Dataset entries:
::::

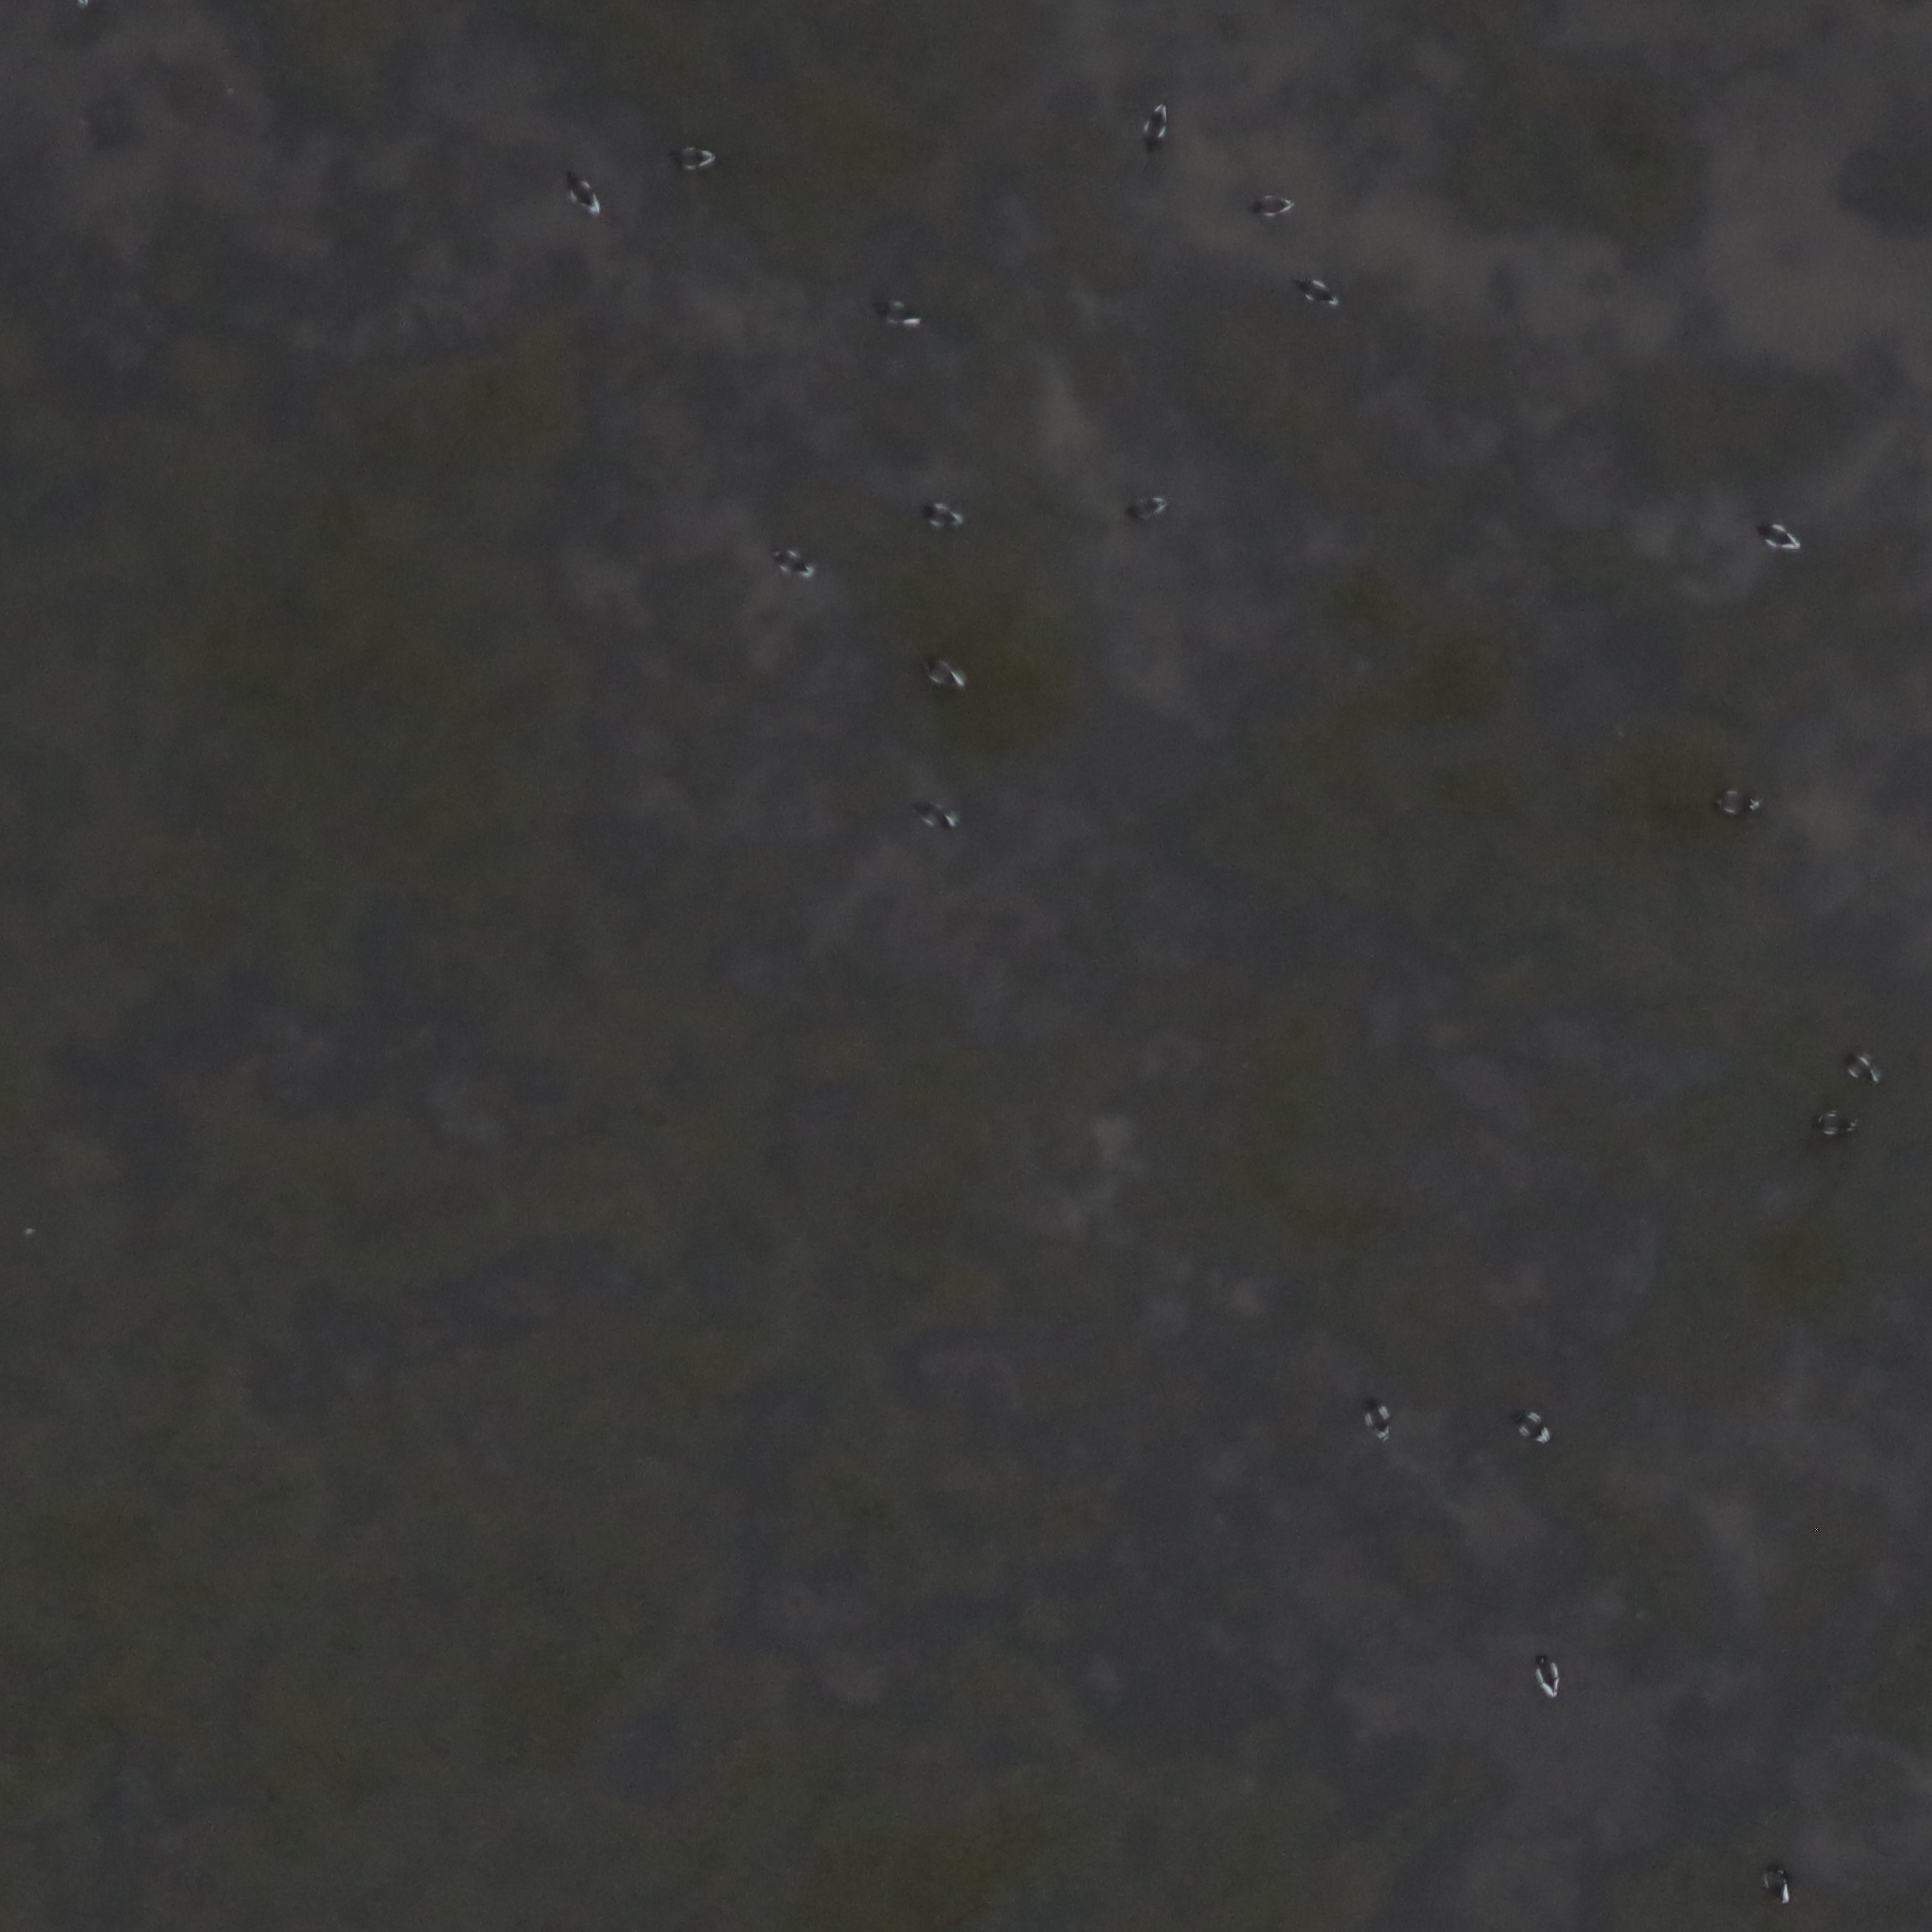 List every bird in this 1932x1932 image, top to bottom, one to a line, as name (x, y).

brant (1156, 127)
brant (695, 161)
brant (1274, 193)
brant (584, 194)
brant (1316, 291)
brant (909, 326)
brant (936, 501)
brant (1162, 510)
brant (1777, 538)
brant (790, 565)
brant (956, 671)
brant (1734, 803)
brant (938, 830)
brant (1860, 1057)
brant (1834, 1126)
brant (1378, 1421)
brant (1535, 1438)
brant (1556, 1661)
brant (1767, 1882)
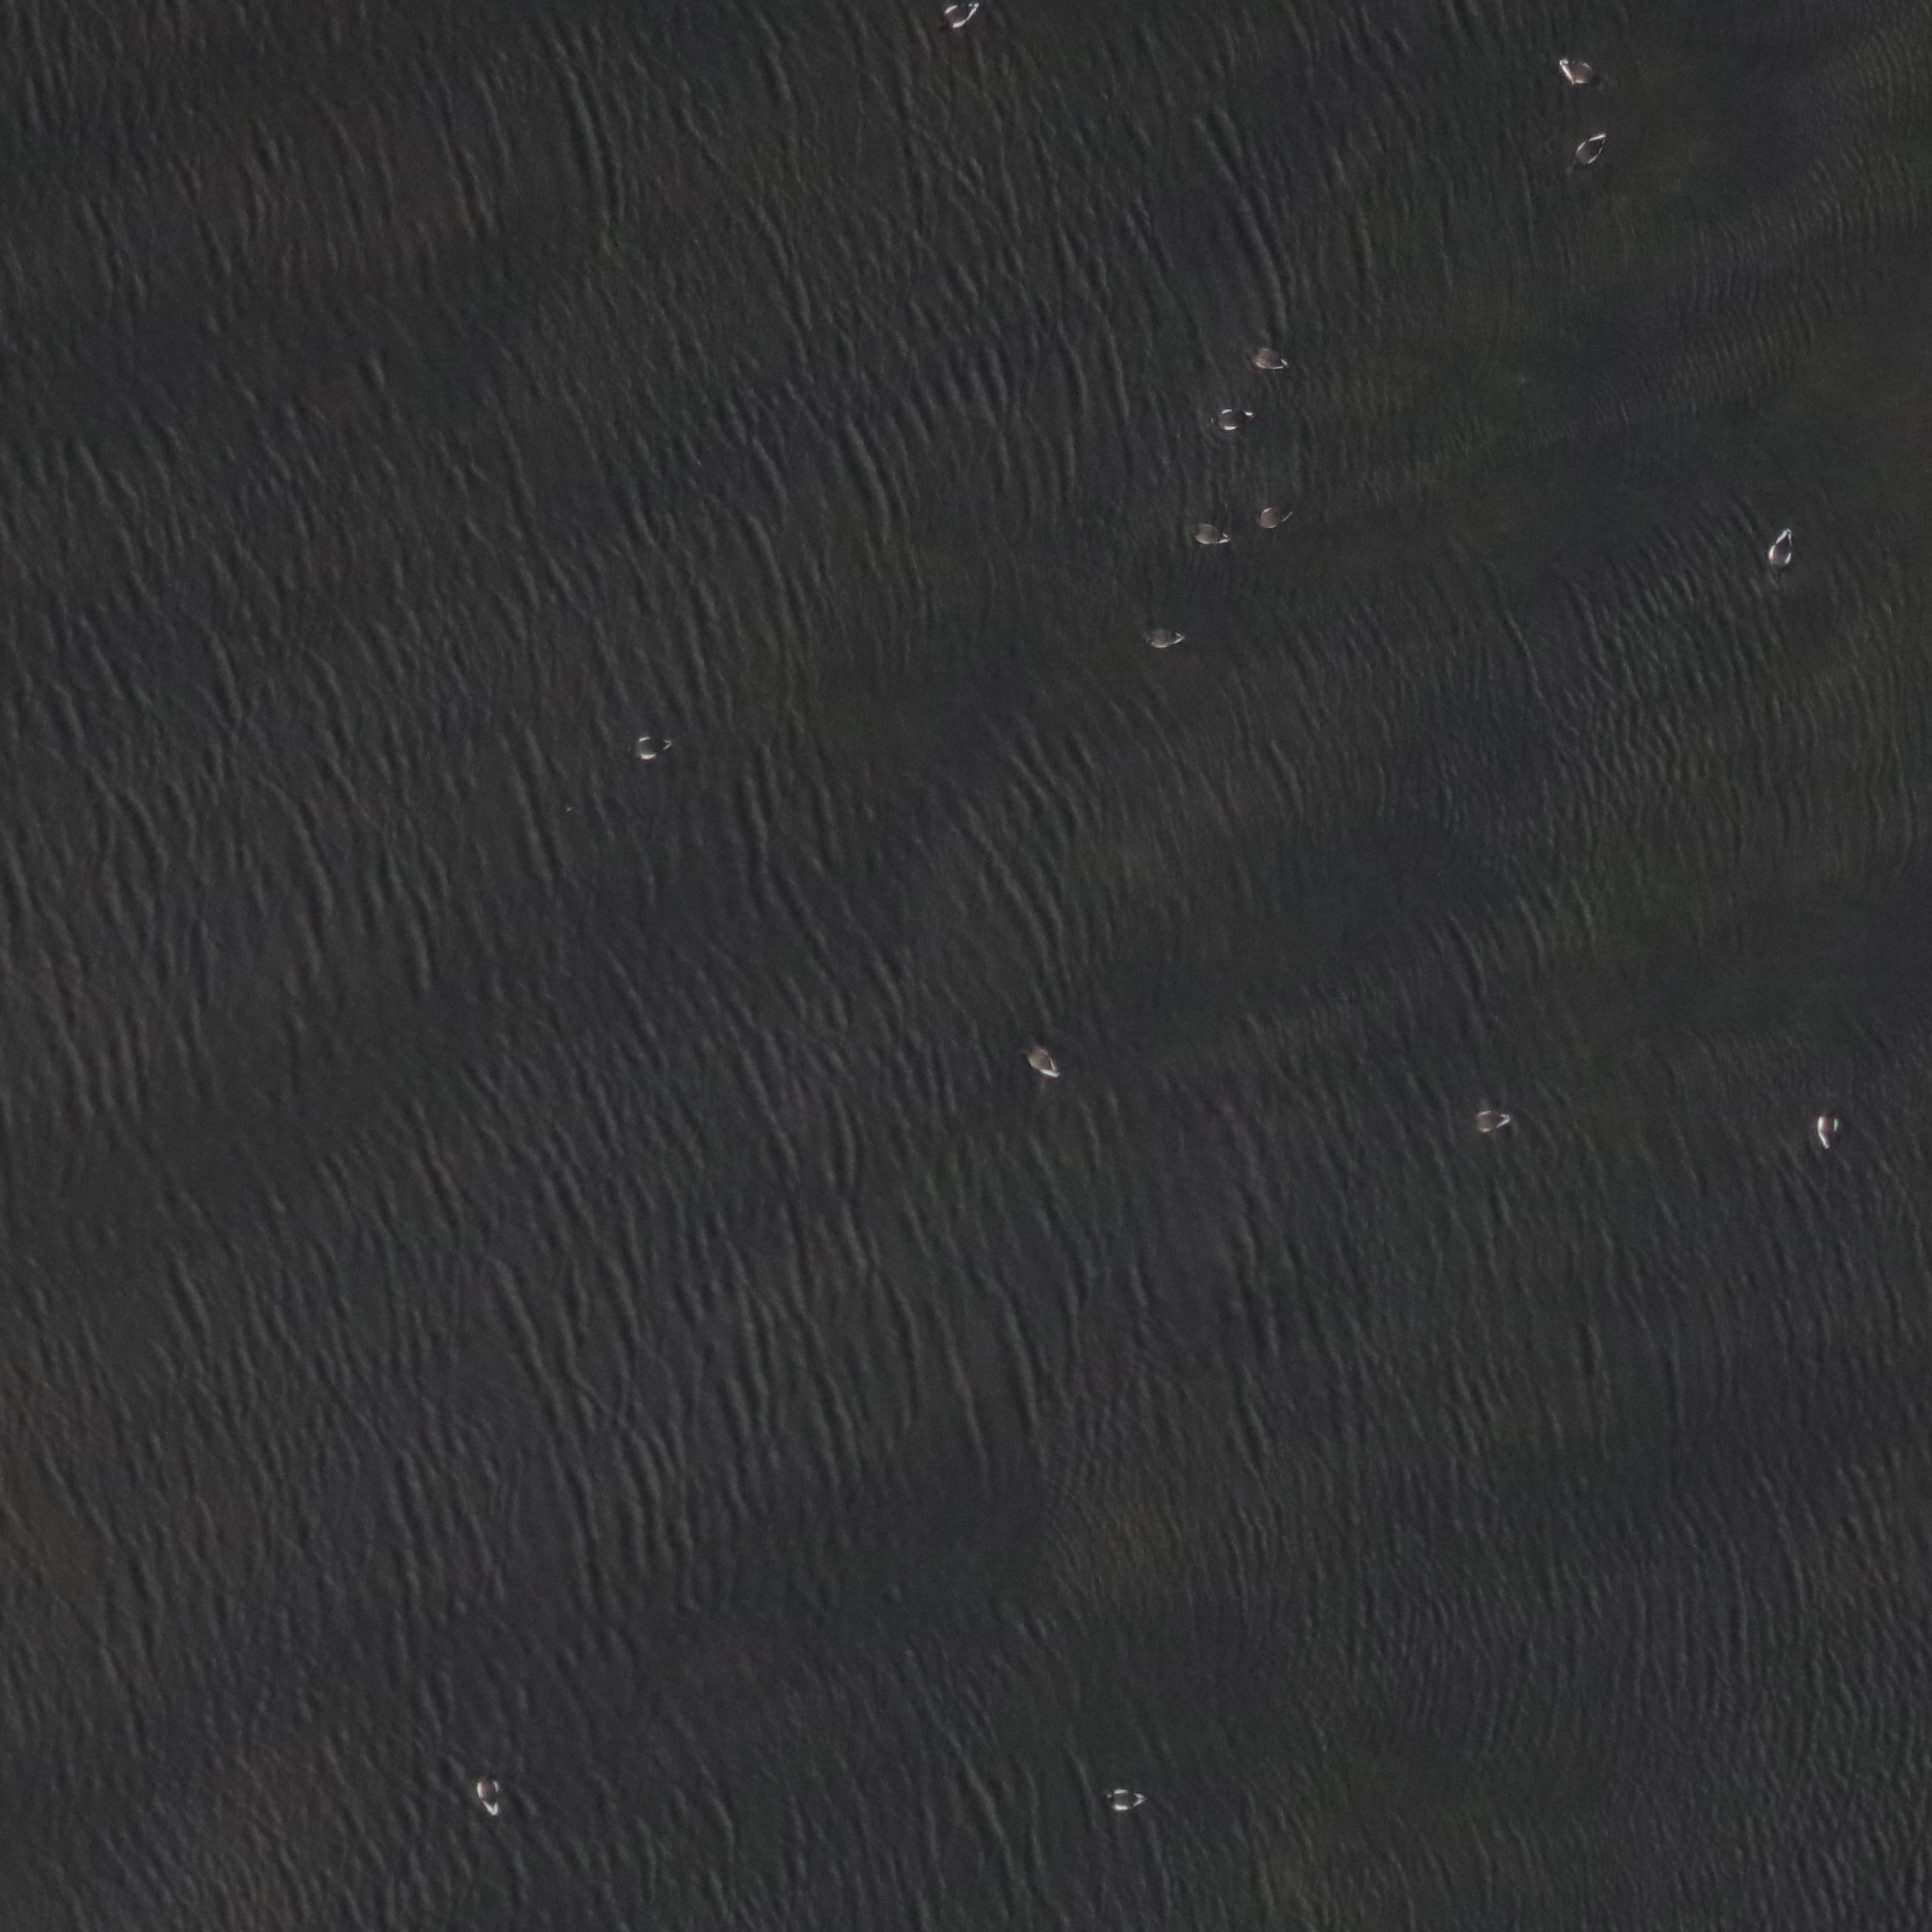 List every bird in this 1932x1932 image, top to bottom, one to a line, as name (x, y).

::::

▶ [Your instructions]
From the records given above, reproduce all text exactly and exclude each picture.

▶ [Expected answer]
 List every bird in this 1932x1932 image, top to bottom, one to a line, as name (x, y).

brant (1156, 127)
brant (695, 161)
brant (1274, 193)
brant (584, 194)
brant (1316, 291)
brant (909, 326)
brant (936, 501)
brant (1162, 510)
brant (1777, 538)
brant (790, 565)
brant (956, 671)
brant (1734, 803)
brant (938, 830)
brant (1860, 1057)
brant (1834, 1126)
brant (1378, 1421)
brant (1535, 1438)
brant (1556, 1661)
brant (1767, 1882)
 List every bird in this 1932x1932 image, top to bottom, one to a line, as name (x, y).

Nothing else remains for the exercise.